A reliable source in the Pakistan Cricket Board told PTI that unlike previous instances when some senior players were compensated for skipping or cancelling contracts in foreign leagues, this time the board has adopted a different stance.

"The acting Chairman, Najam Sethi recently conveyed it very clearly to Hafeez that the board was not in a position to compensate him for missing the Big Bash for which he was offered a contract," the source said. (Also read: PCB to send official for security inspection in Bangladesh)

He said Hafeez pulled out of the Big Bash event because it clashed with the test series with Sri Lanka in the United Arab Emirates this month.

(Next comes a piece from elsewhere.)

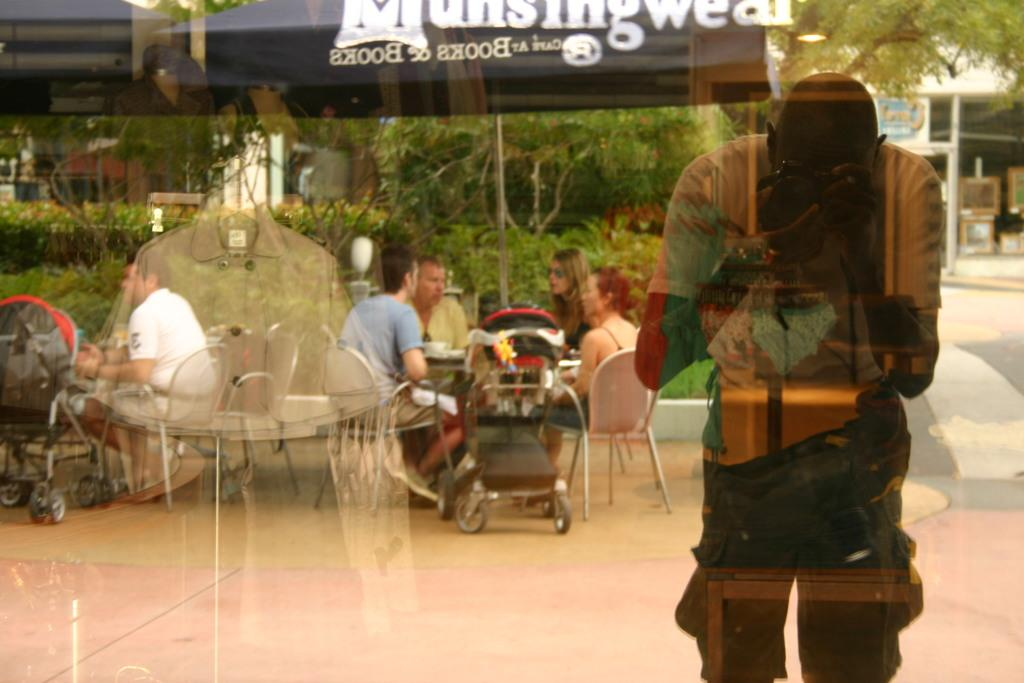What is the main activity taking place in the image? There is a group of people sitting around a table. Can you describe the man standing near a glass wall? The man is standing near a glass wall and is holding a camera. How many balls are being juggled by the servant in the image? There is no servant or balls present in the image. What type of grip does the camera have in the image? The image does not provide enough detail to determine the type of grip on the camera.

"But Hafeez had tried to convey to the Chairman through a third party that he should be given some compensation for his cancelled contract with the Australian side," the source said.

"Sethi also made it clear that the board was facing a financial crunch because of international teams not touring Pakistan since 2009 and was also cutting down on other expenses," he added.

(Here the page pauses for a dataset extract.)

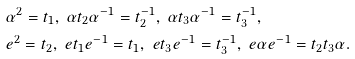<formula> <loc_0><loc_0><loc_500><loc_500>& \alpha ^ { 2 } = t _ { 1 } , \ \alpha t _ { 2 } \alpha ^ { - 1 } = t _ { 2 } ^ { - 1 } , \ \alpha t _ { 3 } \alpha ^ { - 1 } = t _ { 3 } ^ { - 1 } , \\ & e ^ { 2 } = t _ { 2 } , \ e t _ { 1 } e ^ { - 1 } = t _ { 1 } , \ e t _ { 3 } e ^ { - 1 } = t _ { 3 } ^ { - 1 } , \ e \alpha e ^ { - 1 } = t _ { 2 } t _ { 3 } \alpha .</formula>

In the past, the Board has compensated senior players for missing or cancelling contracts with foreign leagues including Muhammad Yousuf and Umar Gul.

Yousuf, in fact, was paid a whopping amount of around Rs 10 million for pulling out of a contract with the Indian Cricket League in 2008.

The source said Sethi had, however, conveyed to the players that their request for a pay raise in the new central contracts would be given consideration and they could get a small hike in their central contracts between 10 to 15 per cent.